§ **Exercise directions**
Copy out, from the data, each line containing the string "object".

[Data under study]

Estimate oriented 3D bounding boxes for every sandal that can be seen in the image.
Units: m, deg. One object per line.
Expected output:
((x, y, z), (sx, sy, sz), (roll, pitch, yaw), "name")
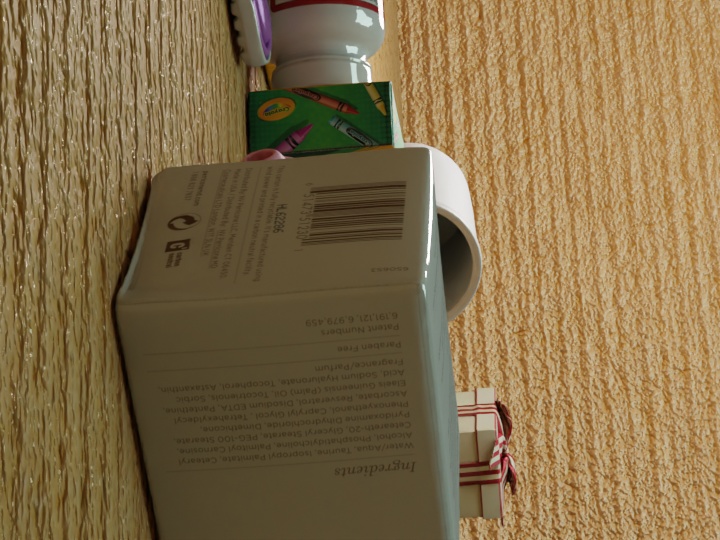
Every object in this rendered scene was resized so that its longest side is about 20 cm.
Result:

[/Data under study]

§ **Output for this exercise**
Units: m, deg. One object per line.
Every object in this rendered scene was resized so that its longest side is about 20 cm.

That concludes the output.